If you aren’t sure what your priorities are, write down EVERYthing you need to do. Once it’s all written down it will be easier to prioritize.
Not a list maker? Wondering what to put on a list? Here is my top fifty favorite lists. Enjoy!
- Books to read
- Places to visit
- Research for my Appalachian Trail trip
- Trails in the Thousand Islands to walk the dogs
- Five-year goals
- Conferences and networking events to attend
- Classes to take
- Daily to-dos
- Weekly routines
- Doctor visits
- People who inspire me
- Items I am grateful and thankful for
- Podcasts to listen to
- Fitness tracker goals
- Recipes I want to make
- Quotes I love
- Boredom beaters
- Spending log
- Packing checklist
- Historical items about my parents I want to remember
- Schedule for being at the River House
- Client deadlines for projects
- My writing deadlines for books and blog posts
- Fun, free activities
- If I have to cook, what are the top items that are my go-tos
- Favorite movies
- Staycation ideas
- Financial goals
- Favorite memories with Alexa and Nicholas
- Life goals
- Business goals
- Things I like about myself (sometimes I need a reminder)

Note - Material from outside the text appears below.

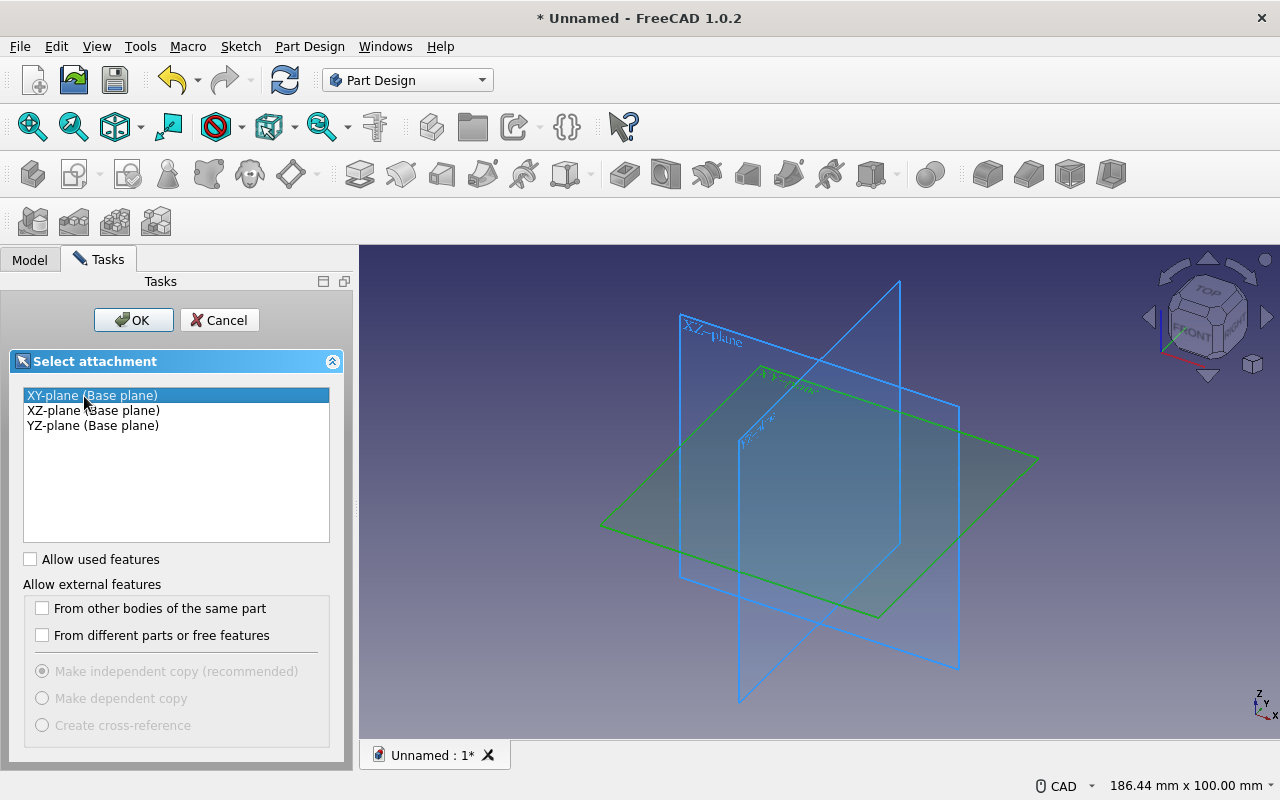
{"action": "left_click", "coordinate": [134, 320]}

- Projects I have completed
- Crochet projects I want to try
- Crochet projects I have finished
- Food log
- Not-to-do list
- Grocery shopping list
- Prioritize projects for River House
- Pet birthdays
- Holiday plans with family
- Finding ways to live with less
- Items I can get rid of
- Fun things I want to try
- Ten year goals
- Compliments I’ve received
- My blessings
What would you add to the list? Are you feeling inspired to make your own list? I can guarantee it will help remove stress if you do!